Calls for reforms to penalty rates were made over the last week by key industry groups the Australian Retailers Association and the Australian Chamber of Commerce & Industry (ACCI) as Australia’s youth unemployment rate reaches a 12-year high.
Peak retail industry body the ARA said reducing penalty rates is a crucial step in creating higher levels of employment for Australians.
ARA executive director Russell Zimmerman said that the ACCI’s recent comments regarding the detrimental effects of penalty rates on both employers and employees were 100 percent warranted, despite union criticism.
“It’s all over the news at the moment – Australia’s unemployment rate has soared to its highest level in 12 years.

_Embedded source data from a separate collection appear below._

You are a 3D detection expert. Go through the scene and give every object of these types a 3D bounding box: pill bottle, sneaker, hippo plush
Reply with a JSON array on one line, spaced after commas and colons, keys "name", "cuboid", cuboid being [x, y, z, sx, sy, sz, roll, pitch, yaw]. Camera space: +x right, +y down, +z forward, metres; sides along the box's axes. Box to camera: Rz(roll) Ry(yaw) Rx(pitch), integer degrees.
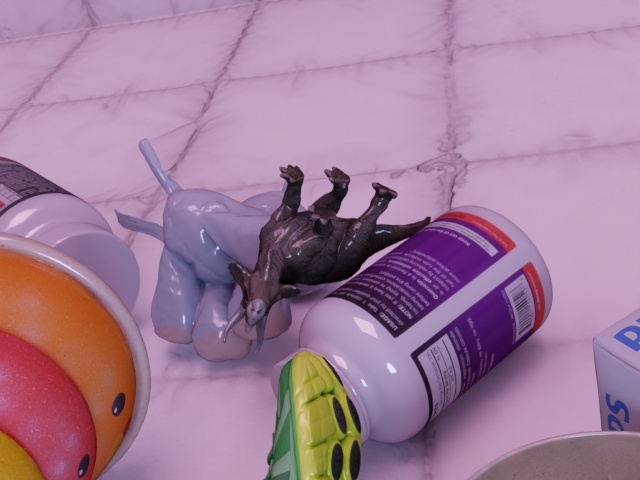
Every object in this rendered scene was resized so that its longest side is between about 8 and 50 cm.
[{"name": "pill bottle", "cuboid": [-0.430, 0.013, 1.407, 0.210, 0.210, 0.363, -32, 36, -28]}, {"name": "pill bottle", "cuboid": [0.104, 0.105, 1.090, 0.323, 0.181, 0.181, -33, 37, -29]}, {"name": "sneaker", "cuboid": [-0.031, 0.245, 0.888, 0.124, 0.109, 0.295, -9, 67, 28]}, {"name": "hippo plush", "cuboid": [-0.107, 0.027, 1.320, 0.294, 0.234, 0.237, 32, 20, 26]}]

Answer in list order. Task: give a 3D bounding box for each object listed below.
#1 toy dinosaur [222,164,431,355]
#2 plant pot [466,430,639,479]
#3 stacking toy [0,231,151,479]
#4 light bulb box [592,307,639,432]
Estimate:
[{"name": "toy dinosaur", "cuboid": [0.000, 0.000, 1.133, 0.121, 0.160, 0.314, 42, 37, 24]}, {"name": "plant pot", "cuboid": [0.225, 0.310, 0.711, 0.284, 0.190, 0.284, -9, 32, 6]}, {"name": "stacking toy", "cuboid": [-0.347, 0.234, 0.860, 0.351, 0.350, 0.480, -12, 26, 2]}, {"name": "light bulb box", "cuboid": [0.493, 0.162, 0.812, 0.358, 0.225, 0.361, -27, 34, -20]}]
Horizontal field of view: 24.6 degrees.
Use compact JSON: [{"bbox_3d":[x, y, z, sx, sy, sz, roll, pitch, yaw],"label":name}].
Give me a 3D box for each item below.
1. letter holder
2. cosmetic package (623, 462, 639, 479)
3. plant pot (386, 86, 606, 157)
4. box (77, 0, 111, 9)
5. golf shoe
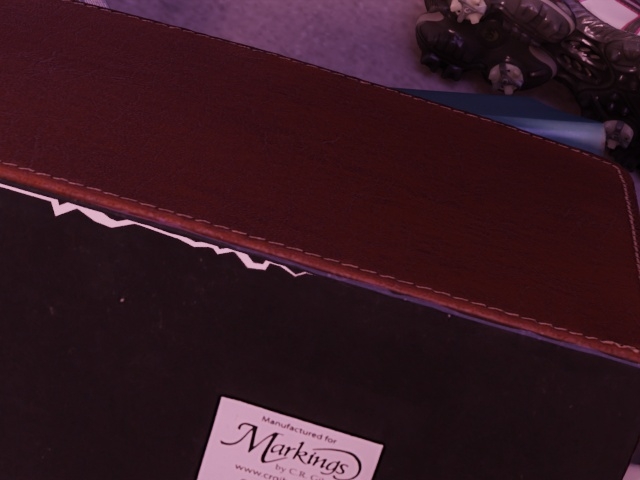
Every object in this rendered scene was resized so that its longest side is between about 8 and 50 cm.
[{"bbox_3d":[-0.035,0.021,0.605,0.302,0.152,0.214,16,26,0],"label":"letter holder"},{"bbox_3d":[0.274,0.213,0.721,0.310,0.160,0.113,9,56,4],"label":"cosmetic package"},{"bbox_3d":[0.000,0.000,0.761,0.234,0.165,0.165,6,100,-6],"label":"plant pot"},{"bbox_3d":[-0.158,-0.134,0.844,0.027,0.094,0.137,-19,70,-29],"label":"box"},{"bbox_3d":[0.200,-0.131,0.982,0.273,0.105,0.120,27,48,-5],"label":"golf shoe"}]
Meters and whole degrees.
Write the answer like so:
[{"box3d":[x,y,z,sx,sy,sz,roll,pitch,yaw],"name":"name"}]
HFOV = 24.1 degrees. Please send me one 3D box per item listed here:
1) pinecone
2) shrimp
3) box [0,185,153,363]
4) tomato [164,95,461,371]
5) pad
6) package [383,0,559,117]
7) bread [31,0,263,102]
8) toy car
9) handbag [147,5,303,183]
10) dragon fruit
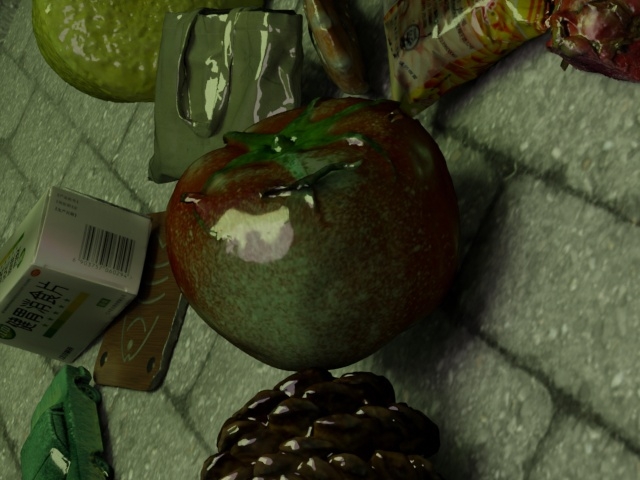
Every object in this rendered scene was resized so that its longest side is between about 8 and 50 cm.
[{"box3d":[0.011,0.227,1.384,0.243,0.243,0.257,-36,20,48],"name":"pinecone"},{"box3d":[0.004,-0.296,1.896,0.062,0.164,0.317,-20,34,5],"name":"shrimp"},{"box3d":[-0.412,0.060,2.361,0.333,0.173,0.145,-40,35,53],"name":"box"},{"box3d":[0.000,0.000,1.508,0.303,0.239,0.303,-18,22,7],"name":"tomato"},{"box3d":[-0.256,0.087,2.248,0.286,0.018,0.284,-5,66,63],"name":"pad"},{"box3d":[0.155,-0.257,1.615,0.288,0.108,0.223,-36,41,43],"name":"package"},{"box3d":[-0.278,-0.373,2.313,0.308,0.348,0.348,178,112,-74],"name":"bread"},{"box3d":[-0.380,0.316,2.210,0.141,0.097,0.320,-56,28,21],"name":"toy car"},{"box3d":[-0.126,-0.187,2.010,0.316,0.109,0.253,11,100,51],"name":"handbag"},{"box3d":[0.252,-0.207,1.399,0.102,0.096,0.147,-68,24,7],"name":"dragon fruit"}]
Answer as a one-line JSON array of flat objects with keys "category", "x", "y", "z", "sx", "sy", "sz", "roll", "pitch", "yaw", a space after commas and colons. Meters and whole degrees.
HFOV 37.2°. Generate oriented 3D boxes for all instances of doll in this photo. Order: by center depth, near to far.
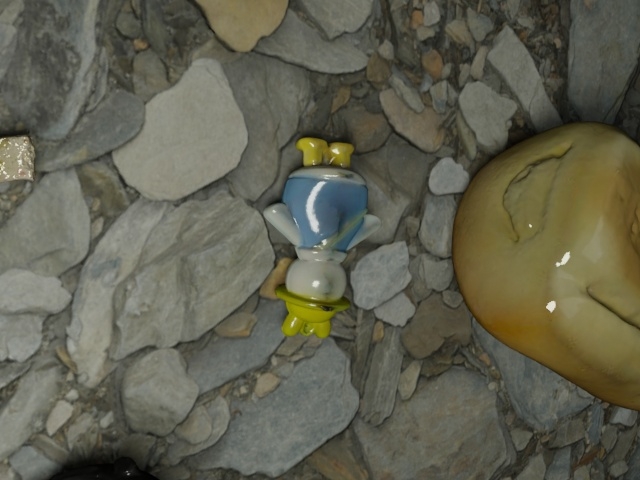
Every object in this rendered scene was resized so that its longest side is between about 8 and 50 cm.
[{"category": "doll", "x": -0.001, "y": 0.000, "z": 1.140, "sx": 0.135, "sy": 0.098, "sz": 0.241, "roll": 3, "pitch": 96, "yaw": -59}]

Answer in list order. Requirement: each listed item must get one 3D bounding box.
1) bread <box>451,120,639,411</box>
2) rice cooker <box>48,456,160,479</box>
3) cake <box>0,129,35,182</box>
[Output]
[{"category": "bread", "x": 0.364, "y": 0.027, "z": 1.307, "sx": 0.376, "sy": 0.253, "sz": 0.348, "roll": 27, "pitch": 76, "yaw": -36}, {"category": "rice cooker", "x": -0.221, "y": 0.356, "z": 0.943, "sx": 0.267, "sy": 0.267, "sz": 0.224, "roll": -31, "pitch": 110, "yaw": -28}, {"category": "cake", "x": -0.336, "y": -0.074, "z": 0.917, "sx": 0.121, "sy": 0.065, "sz": 0.052, "roll": -12, "pitch": 101, "yaw": -27}]
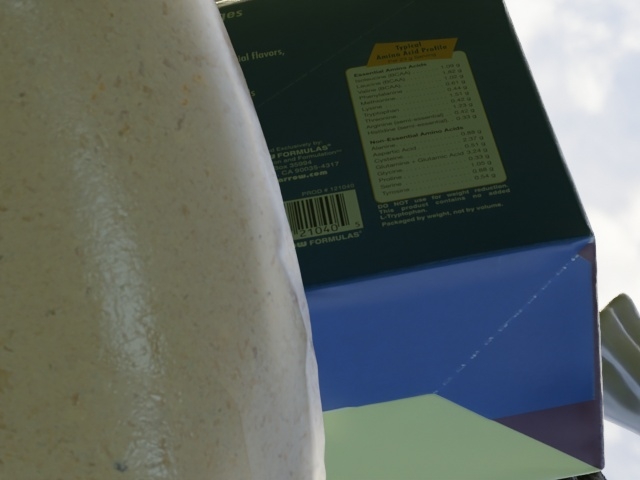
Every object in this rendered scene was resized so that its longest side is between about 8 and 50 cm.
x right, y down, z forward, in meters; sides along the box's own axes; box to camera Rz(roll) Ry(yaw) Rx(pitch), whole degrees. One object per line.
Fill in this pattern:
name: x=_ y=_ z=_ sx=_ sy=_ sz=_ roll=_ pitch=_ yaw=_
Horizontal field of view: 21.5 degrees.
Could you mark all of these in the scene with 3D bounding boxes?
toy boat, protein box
toy boat: x=-0.155 y=0.007 z=0.454 sx=0.318 sy=0.267 sz=0.148 roll=-18 pitch=-179 yaw=20
protein box: x=0.000 y=0.000 z=0.726 sx=0.200 sy=0.136 sz=0.201 roll=-10 pitch=-139 yaw=0

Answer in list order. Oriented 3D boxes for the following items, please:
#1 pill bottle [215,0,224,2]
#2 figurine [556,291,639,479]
pill bottle: x=0.022 y=-0.094 z=1.289 sx=0.229 sy=0.408 sz=0.229 roll=-7 pitch=-107 yaw=23
figurine: x=0.227 y=0.166 z=1.184 sx=0.209 sy=0.092 sz=0.215 roll=45 pitch=-130 yaw=11
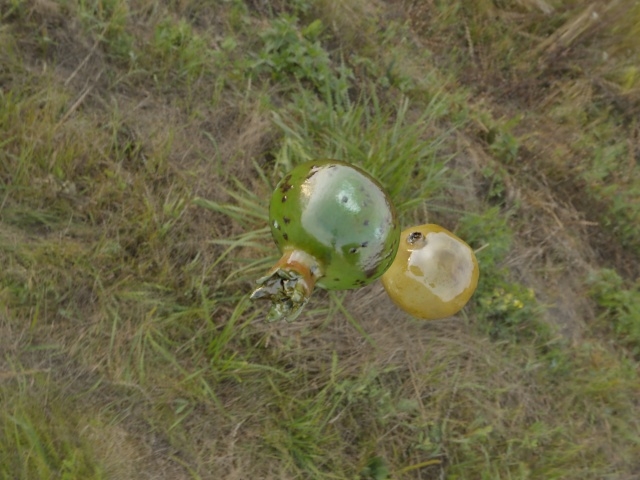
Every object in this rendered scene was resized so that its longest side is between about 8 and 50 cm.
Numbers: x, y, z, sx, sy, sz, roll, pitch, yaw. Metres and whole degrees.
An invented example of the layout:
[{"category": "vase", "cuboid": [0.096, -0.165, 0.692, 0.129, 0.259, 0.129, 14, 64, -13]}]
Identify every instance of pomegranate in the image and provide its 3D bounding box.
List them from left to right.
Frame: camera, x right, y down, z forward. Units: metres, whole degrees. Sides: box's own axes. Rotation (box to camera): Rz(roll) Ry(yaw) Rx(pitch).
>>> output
[{"category": "pomegranate", "cuboid": [-0.003, -0.017, 1.033, 0.286, 0.231, 0.230, -24, 79, -41]}, {"category": "pomegranate", "cuboid": [0.244, 0.074, 1.423, 0.233, 0.233, 0.233, 12, 61, -23]}]

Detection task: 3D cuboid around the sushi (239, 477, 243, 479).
[{"category": "sushi", "cuboid": [-0.081, 0.398, 0.513, 0.100, 0.373, 0.296, 27, 59, 25]}]
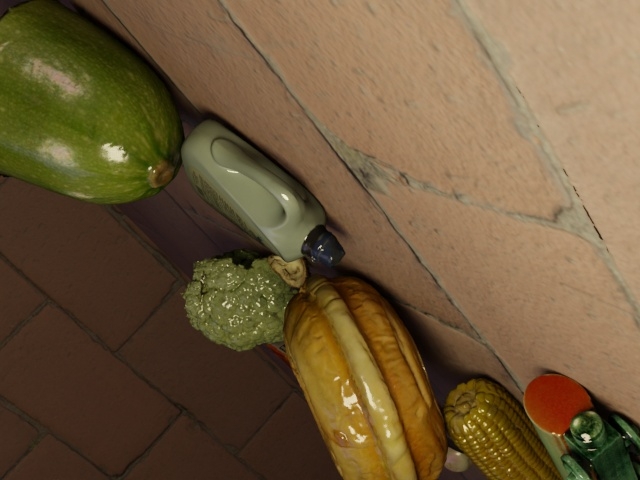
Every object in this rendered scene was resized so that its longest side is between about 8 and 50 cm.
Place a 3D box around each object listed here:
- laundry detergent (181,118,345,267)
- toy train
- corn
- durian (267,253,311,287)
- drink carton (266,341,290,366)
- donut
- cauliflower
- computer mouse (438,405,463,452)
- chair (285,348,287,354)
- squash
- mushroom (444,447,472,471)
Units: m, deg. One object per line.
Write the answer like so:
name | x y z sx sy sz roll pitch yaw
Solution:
laundry detergent | -0.080 -0.056 1.342 0.280 0.105 0.215 37 164 25
toy train | 0.374 0.299 1.213 0.177 0.116 0.285 46 174 45
corn | 0.343 0.374 1.484 0.344 0.131 0.131 45 167 -20
durian | -0.056 0.058 1.742 0.130 0.066 0.052 42 170 43
drink carton | 0.015 0.388 2.517 0.351 0.111 0.154 46 167 -23
donut | 0.071 0.258 1.499 0.449 0.198 0.448 159 90 -83
cauliflower | -0.174 0.118 1.975 0.250 0.272 0.275 -107 0 -50
computer mouse | 0.277 0.430 2.006 0.232 0.057 0.120 40 166 5
chair | 0.043 0.267 1.952 0.326 0.160 0.170 42 167 -22
squash | -0.347 -0.203 1.374 0.309 0.310 0.310 18 159 21
mushroom | 0.342 0.537 2.154 0.084 0.067 0.083 12 130 15
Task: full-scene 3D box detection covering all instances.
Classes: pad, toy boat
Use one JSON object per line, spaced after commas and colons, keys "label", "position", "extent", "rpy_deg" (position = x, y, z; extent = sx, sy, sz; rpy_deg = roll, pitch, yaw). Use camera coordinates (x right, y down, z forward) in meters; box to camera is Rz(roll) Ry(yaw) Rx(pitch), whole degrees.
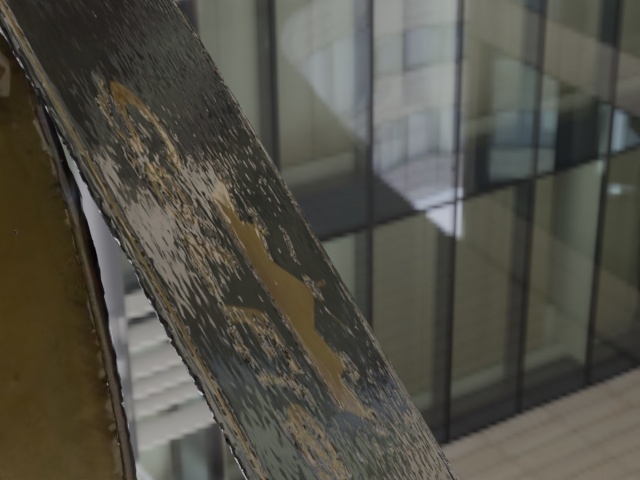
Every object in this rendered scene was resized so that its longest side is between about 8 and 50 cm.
{"label": "pad", "position": [-0.001, 0.000, 0.414], "extent": [0.063, 0.375, 0.315], "rpy_deg": [-34, 166, 11]}
{"label": "toy boat", "position": [-0.143, 0.059, 0.526], "extent": [0.121, 0.321, 0.089], "rpy_deg": [14, -147, 38]}
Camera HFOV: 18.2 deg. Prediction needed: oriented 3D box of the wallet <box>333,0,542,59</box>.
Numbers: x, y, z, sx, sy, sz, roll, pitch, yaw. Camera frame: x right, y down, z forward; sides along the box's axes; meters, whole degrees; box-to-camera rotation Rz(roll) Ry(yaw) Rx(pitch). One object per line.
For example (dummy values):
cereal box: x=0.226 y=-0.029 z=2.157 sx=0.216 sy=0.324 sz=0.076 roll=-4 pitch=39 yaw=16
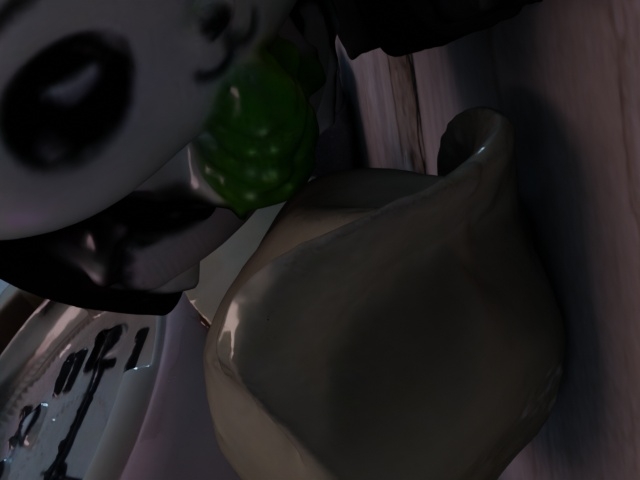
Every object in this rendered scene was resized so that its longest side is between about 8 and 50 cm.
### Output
wallet: x=0.022 y=-0.169 z=0.763 sx=0.377 sy=0.051 sz=0.197 roll=-155 pitch=52 yaw=-81

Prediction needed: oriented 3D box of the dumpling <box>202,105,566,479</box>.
dumpling: x=0.026 y=0.035 z=0.770 sx=0.132 sy=0.162 sz=0.250 roll=36 pitch=169 yaw=17

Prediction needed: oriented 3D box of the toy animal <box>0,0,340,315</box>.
toy animal: x=-0.088 y=-0.086 z=0.741 sx=0.267 sy=0.212 sz=0.212 roll=95 pitch=161 yaw=-76

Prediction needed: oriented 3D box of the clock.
clock: x=-0.095 y=0.135 z=1.048 sx=0.342 sy=0.184 sz=0.326 roll=-13 pitch=56 yaw=51

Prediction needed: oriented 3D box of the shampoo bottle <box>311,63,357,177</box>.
shampoo bottle: x=0.000 y=0.000 z=1.150 sx=0.087 sy=0.049 sz=0.233 roll=-111 pitch=12 yaw=-55

There’s no denying the fact that retailers would employ more staff if they did not have to pay penalty rates. SME retailers in regional areas in particular, who do not currently open on Sundays, would definitely consider their options if penalties were reduced.
“A number of larger retail members have advised the ARA that whenever their stores are not ‘forced’ to open under their lease requirement, they close the store completely due to severe double-time penalty rates.
“If these stores could afford to be open, they would in turn employ a number of staff on a Sunday and this would not only improve business in country and regional stores but increase employees discretionary spending.”
While not calling for penalty rates to be abolished, the ARA said there is a strong need to get the balance right so that retailers can operate competitively on weekends and offer increased employment opportunities.
Coca-Cola wage freeze
As part of a national strategy to lower wages, Coca-Cola Amatil has this week sealed a new pay deal with its Victorian warehouse workers. Under the deal workers at Coca-Cola Amatil’s warehouses around the country will have their wages frozen until 2015 and new employees will receive 38 per cent less pay to do the same job. The pay freeze will be followed by a pay increase of about $30 in 2016.
The AFR reports that a CCA spokesman said “the deal brought wages closer to market rates”.
Stephen Smith, national workplace relations director at the Australian Industry group, told the AFR that this type of deal is being seen across Australia. “We are seeing very modest wage outcomes across most sectors at present, given the economic circumstances, and wage freezes are certainly not uncommon.”